* _PROBLEM REQUIREMENTS_
The records follow. Count the lines holding "linetype" and give only the number.

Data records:
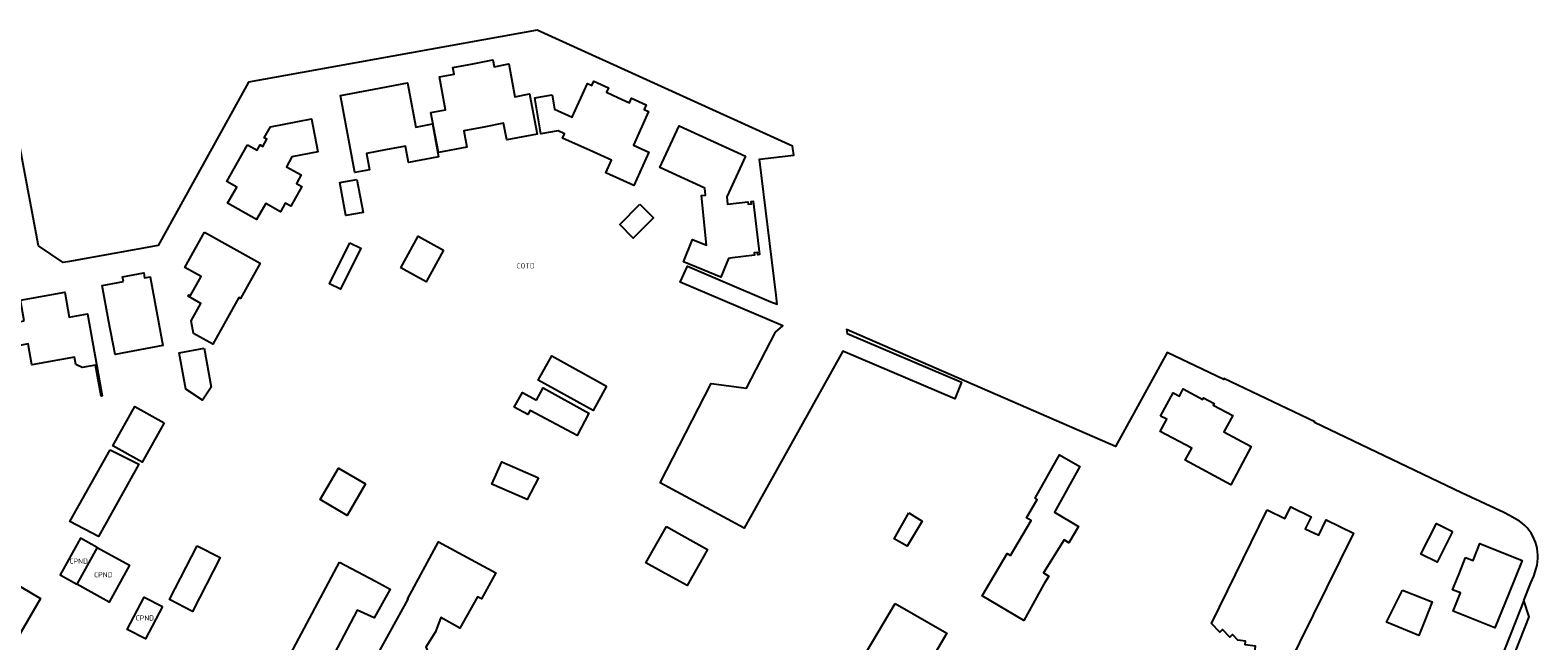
# Model space of a CAD drawing. Header units: metres. Extents: x 159597 to 163409, y 443622 to 446014.
# Tile 53 of 68: x 162208 to 162476, y 444155 to 444264. Entities that reach past the tile are written whole.
import ezdxf
from ezdxf.enums import TextEntityAlignment as Align

# ---------------------------------------------------------------- set-up
doc = ezdxf.new("R2010")
doc.units = ezdxf.units.M
doc.header["$LTSCALE"] = 4
for name, color, linetype in [('COTD', 7, 'CONTINUOUS'), ('CPND', 7, 'CONTINUOUS'), ('G_OTD', 32, 'CONTINUOUS'), ('G_PND', 1, 'CONTINUOUS'), ('G_WGD', 7, 'CONTINUOUS')]:
    doc.layers.add(name, color=color, linetype=linetype)
doc.styles.add('ISO', font='ISO')

msp = doc.modelspace()

# ---------------------------------------------------------------- linework, layer by layer
at = {"layer": 'G_OTD', "linetype": 'Continuous', "transparency": 33554687}
for points in [[(162472.766, 444176.101), (162471.017, 444177.063), (162469.988, 444177.643), (162462.466, 444181.126), (162436.264, 444193.677), (162436.325, 444193.811), (162420.097, 444201.528), (162420.133, 444201.332), (162410.037, 444206.152), (162400.835, 444189.371), (162352.951, 444210.236), (162353.063, 444209.533), (162373.431, 444200.834), (162372.236, 444197.867), (162352.273, 444206.345), (162334.705, 444174.845), (162319.725, 444182.92), (162328.814, 444200.624), (162335.126, 444199.767), (162340.267, 444209.775), (162341.567, 444210.891), (162323.313, 444218.643), (162324.596, 444221.495), (162330.862, 444218.854), (162339.449, 444215.15), (162340.594, 444214.763), (162340.402, 444216.344), (162337.451, 444240.569), (162343.558, 444241.313), (162343.322, 444242.902), (162297.856, 444263.576), (162246.451, 444254.296), (162246.104, 444253.669), (162230.368, 444225.204), (162214.569, 444222.379), (162213.429, 444222.175), (162209.01, 444225.161), (162203.894, 444252.614)], [(162278.912, 444248.906), (162281.546, 444249.399), (162280.451, 444255.247), (162283.036, 444255.731), (162282.814, 444256.92), (162286.392, 444257.59), (162289.97, 444258.26), (162290.173, 444257.059), (162292.771, 444257.546), (162293.836, 444251.715), (162296.483, 444252.201), (162297.813, 444245.05), (162292.417, 444244.04), (162291.868, 444246.977), (162288.34, 444246.316), (162284.789, 444245.652), (162285.339, 444242.715), (162280.249, 444241.762), (162278.912, 444248.906)], [(162268.795, 444253.077), (162274.766, 444254.196), (162276.243, 444246.313), (162279.191, 444246.866), (162280.293, 444240.988), (162274.926, 444239.982), (162274.376, 444242.921), (162270.822, 444242.255), (162267.427, 444241.619), (162267.977, 444238.68), (162265.398, 444238.197), (162262.824, 444251.958), (162268.795, 444253.077)], [(162300.494, 444252.04), (162300.903, 444249.49), (162304.045, 444248.056), (162306.776, 444254.053), (162307.576, 444253.694), (162307.942, 444254.491), (162310.529, 444253.312), (162310.165, 444252.513), (162312.223, 444251.574), (162314.284, 444250.633), (162314.631, 444251.461), (162317.24, 444250.257), (162316.881, 444249.45), (162317.694, 444249.087), (162314.971, 444243.079), (162317.715, 444241.834), (162315.028, 444235.908), (162310.086, 444238.148), (162311.099, 444240.382), (162307.792, 444241.881), (162302.364, 444244.342), (162302.711, 444245.108), (162301.562, 444245.629), (162298.494, 444245.119), (162297.429, 444251.531), (162300.494, 444252.04)], [(162246.251, 444243.136), (162247.984, 444242.159), (162248.524, 444243.117), (162248.969, 444242.867), (162249.695, 444244.156), (162249.251, 444244.406), (162250.341, 444246.34), (162257.67, 444247.754), (162258.805, 444241.873), (162254.18, 444240.981), (162253.203, 444239.247), (162255.816, 444237.774), (162254.972, 444236.276), (162255.939, 444235.731), (162253.945, 444232.194), (162252.978, 444232.739), (162252.124, 444231.223), (162249.502, 444232.701), (162247.874, 444229.812), (162242.703, 444232.727), (162244.333, 444235.619), (162242.573, 444236.611), (162246.251, 444243.136)], [(162334.954, 444241.095), (162331.633, 444233.883), (162331.753, 444232.545), (162335.356, 444232.987), (162335.414, 444232.571), (162336.012, 444232.654), (162335.96, 444233.071), (162336.278, 444233.11), (162337.447, 444223.571), (162337.128, 444223.542), (162337.077, 444223.959), (162336.472, 444223.885), (162336.523, 444223.468), (162332.639, 444222.992), (162331.931, 444222.914), (162330.572, 444219.584), (162323.907, 444222.304), (162325.519, 444226.255), (162328.015, 444225.236), (162327.084, 444234.093), (162327.817, 444234.17), (162327.687, 444235.4), (162319.707, 444239.089), (162323.131, 444246.54), (162334.954, 444241.095)], [(162265.727, 444236.975), (162266.836, 444231.095), (162263.78, 444230.518), (162262.69, 444236.402), (162265.727, 444236.975)], [(162316.147, 444232.555), (162318.562, 444230.12), (162314.947, 444226.535), (162312.533, 444228.97), (162316.147, 444232.555)], [(162238.622, 444227.568), (162248.51, 444222.057), (162245.01, 444215.777), (162244.722, 444215.937), (162240.087, 444207.622), (162236.637, 444209.545), (162236.208, 444211.753), (162237.95, 444214.88), (162235.679, 444216.146), (162235.835, 444216.425), (162236.123, 444216.265), (162238.017, 444219.663), (162235.117, 444221.279), (162238.622, 444227.568)], [(162281.166, 444224.38), (162278.081, 444218.73), (162273.542, 444221.209), (162276.626, 444226.858), (162281.166, 444224.38)], [(162264.482, 444225.702), (162266.428, 444224.739), (162262.81, 444217.435), (162260.865, 444218.399), (162264.482, 444225.702)], [(162224.194, 444218.771), (162224.025, 444219.644), (162227.774, 444220.342), (162227.939, 444219.46), (162228.92, 444219.643), (162231.204, 444207.38), (162222.668, 444205.79), (162221.522, 444211.912), (162220.369, 444218.068), (162224.194, 444218.771)], [(162206.474, 444211.779), (162205.811, 444215.49), (162213.698, 444216.898), (162214.491, 444212.456), (162217.74, 444213.046), (162220.401, 444198.386), (162220.194, 444198.348), (162219.185, 444203.907), (162216.804, 444203.475), (162215.667, 444203.983), (162215.429, 444205.312), (162207.869, 444203.962), (162207.208, 444207.664), (162205.092, 444207.286), (162204.357, 444211.401), (162206.474, 444211.779)], [(162238.537, 444206.884), (162239.811, 444199.93), (162238.238, 444197.65), (162235.284, 444199.614), (162234.101, 444206.071), (162238.537, 444206.884)], [(162310.188, 444200.165), (162307.788, 444195.829), (162298.034, 444201.226), (162300.434, 444205.563), (162310.188, 444200.165)], [(162297.709, 444197.647), (162298.906, 444199.83), (162307.059, 444195.328), (162304.957, 444191.329), (162296.612, 444195.807), (162296.173, 444195.066), (162293.762, 444196.409), (162295.224, 444199.007), (162297.709, 444197.647)], [(162408.867, 444194.82), (162411.075, 444198.943), (162412.203, 444198.339), (162412.897, 444199.635), (162416.36, 444197.767), (162416.517, 444198.058), (162418.391, 444197.044), (162418.235, 444196.755), (162421.707, 444194.882), (162420.14, 444191.977), (162425.016, 444189.366), (162421.382, 444182.58), (162413.259, 444186.93), (162414.407, 444189.073), (162408.81, 444192.07), (162409.967, 444194.231), (162408.867, 444194.82)], [(162231.388, 444193.597), (162227.525, 444186.61), (162222.259, 444189.522), (162226.164, 444196.486), (162231.388, 444193.597)], [(162221.79, 444188.819), (162226.927, 444186.254), (162219.725, 444173.335), (162214.644, 444176.032), (162221.79, 444188.819)], [(162298.086, 444183.788), (162296.077, 444179.914), (162289.782, 444182.679), (162291.546, 444186.643), (162298.086, 444183.788)], [(162382.151, 444169.95), (162385.83, 444176.189), (162384.987, 444176.685), (162386.905, 444179.941), (162386.512, 444180.172), (162390.865, 444187.884), (162394.493, 444185.818), (162389.947, 444177.667), (162394.254, 444175.126), (162392.544, 444172.232), (162391.672, 444172.747), (162388.028, 444166.855), (162388.947, 444166.309), (162388.081, 444164.85), (162384.477, 444158.411), (162377.099, 444162.793), (162381.536, 444170.312), (162382.151, 444169.95)], [(162267.296, 444182.736), (162264.017, 444177.114), (162259.195, 444179.927), (162262.474, 444185.548), (162267.296, 444182.736)], [(162427.83, 444178.088), (162431.006, 444176.53), (162432.044, 444178.627), (162435.648, 444176.851), (162434.616, 444174.732), (162437.028, 444173.562), (162438.365, 444176.32), (162443.201, 444173.974), (162431.238, 444149.662), (162425.38, 444150.367), (162425.781, 444153.839), (162423.939, 444154.041), (162424.01, 444154.705), (162422.626, 444154.863), (162421.658, 444155.881), (162421.171, 444155.419), (162419.888, 444156.755), (162419.408, 444156.29), (162417.931, 444157.828), (162427.83, 444178.088)], [(162364.055, 444177.545), (162366.42, 444176.073), (162363.714, 444171.613), (162361.422, 444172.958), (162364.055, 444177.545)], [(162460.833, 444174.232), (162458.123, 444168.807), (162455.221, 444170.174), (162457.964, 444175.665), (162460.833, 444174.232)], [(162320.843, 444175.156), (162323.605, 444173.602), (162328.181, 444171.029), (162324.549, 444164.638), (162319.994, 444167.135), (162317.215, 444168.658), (162320.843, 444175.156)], [(162237.315, 444171.715), (162241.414, 444169.592), (162236.441, 444159.991), (162232.343, 444162.113), (162237.315, 444171.715)], [(162268.553, 444150.805), (162274.842, 444162.161), (162274.749, 444162.213), (162280.279, 444172.404), (162290.491, 444166.868), (162287.905, 444162.25), (162287.218, 444162.629), (162284.077, 444157.003), (162280.672, 444158.905), (162279.739, 444156.344), (162278.018, 444153.619), (162278.274, 444153.355), (162277.571, 444151.994), (162275.887, 444149.227), (162274.386, 444147.377), (162274.034, 444147.614)], [(162463.155, 444169.6), (162464.502, 444169.06), (162465.721, 444172.1), (162473.232, 444169.087), (162470.867, 444163.192), (162468.407, 444157.06), (162460.934, 444160.055), (162462.238, 444163.31), (162460.856, 444163.864), (162462.002, 444166.723), (162463.155, 444169.6)], [(162473.561, 444161.972), (162474.785, 444165.096), (162475.298, 444166.285), (162475.749, 444167.633)], [(162451.928, 444163.796), (162457.218, 444161.736), (162455.903, 444158.359), (162454.868, 444155.699), (162449.082, 444158.066), (162450.318, 444160.555), (162451.928, 444163.796)], [(162361.584, 444161.423), (162370.821, 444156.142), (162360.469, 444138.511), (162351.38, 444144.169), (162361.584, 444161.423)]]:
    msp.add_lwpolyline(points, dxfattribs=at)
msp.add_lwpolyline([(162475.749, 444167.633, 0.31665), (162472.766, 444176.101)], format="xyb", dxfattribs=at)
at = {"layer": 'G_PND', "linetype": 'Continuous', "transparency": 33554687}
for points in [[(162219.508, 444171.401), (162216.506, 444173.061), (162212.89, 444166.525), (162215.891, 444164.864)], [(162219.508, 444171.401), (162215.891, 444164.864)], [(162219.508, 444171.401), (162225.248, 444168.225), (162221.626, 444161.679), (162218.97, 444163.14), (162215.891, 444164.864)], [(162262.63, 444168.767), (162269.022, 444165.383), (162271.647, 444163.994), (162268.837, 444158.859), (162265.78, 444160.247), (162261.667, 444152.449), (162263.988, 444151.397), (162254.59, 444130.71), (162245.75, 444134.72), (162253.445, 444151.5), (162262.63, 444168.767)], [(162204.55, 444162.129), (162205.896, 444164.4), (162209.407, 444162.323), (162205.304, 444155.259), (162204.229, 444152.481), (162206.929, 444151.46), (162204.101, 444144.221), (162198.322, 444146.479)], [(162231.097, 444160.865), (162228.084, 444155.113), (162224.856, 444156.801), (162227.87, 444162.552), (162231.097, 444160.865)]]:
    msp.add_lwpolyline(points, dxfattribs=at)
at = {"layer": 'G_WGD', "linetype": 'Continuous', "transparency": 33554687}
for points in [[(162473.561, 444161.972), (162471.254, 444156.083), (162453.201, 444110.488), (162448.926, 444099.792), (162445.97, 444092.211), (162437.918, 444071.986), (162434.406, 444063.238), (162433.164, 444059.491), (162432.842, 444058.678), (162428.637, 444055.172), (162428.434, 444054.805)], [(162453.636, 444106.535), (162454.502, 444108.723), (162455.292, 444110.719), (162462.821, 444129.739), (162465.834, 444137.285), (162471.162, 444150.632), (162474.473, 444159.013), (162473.561, 444161.972)]]:
    msp.add_lwpolyline(points, dxfattribs=at)
msp.add_lwpolyline([(162149.45, 444157.348, -0.0010873), (162240.774, 444123.123)], format="xyb", dxfattribs=at)

# ---------------------------------------------------------------- texts
at = {"layer": 'COTD', "transparency": 33554687, "style": 'ISO'}
msp.add_text('COTD', height=0.9, dxfattribs=at).set_placement((162295.796, 444221.575), align=Align.MIDDLE_CENTER)
at = {"layer": 'CPND', "transparency": 33554687, "style": 'ISO'}
for p in [(162216.199, 444168.964), (162220.57, 444166.537), (162227.977, 444158.833)]:
    msp.add_text('CPND', height=0.9, dxfattribs=at).set_placement(p, align=Align.MIDDLE_CENTER)

doc.saveas('drawing.dxf')

* _RESULT FOR THIS TASK_
5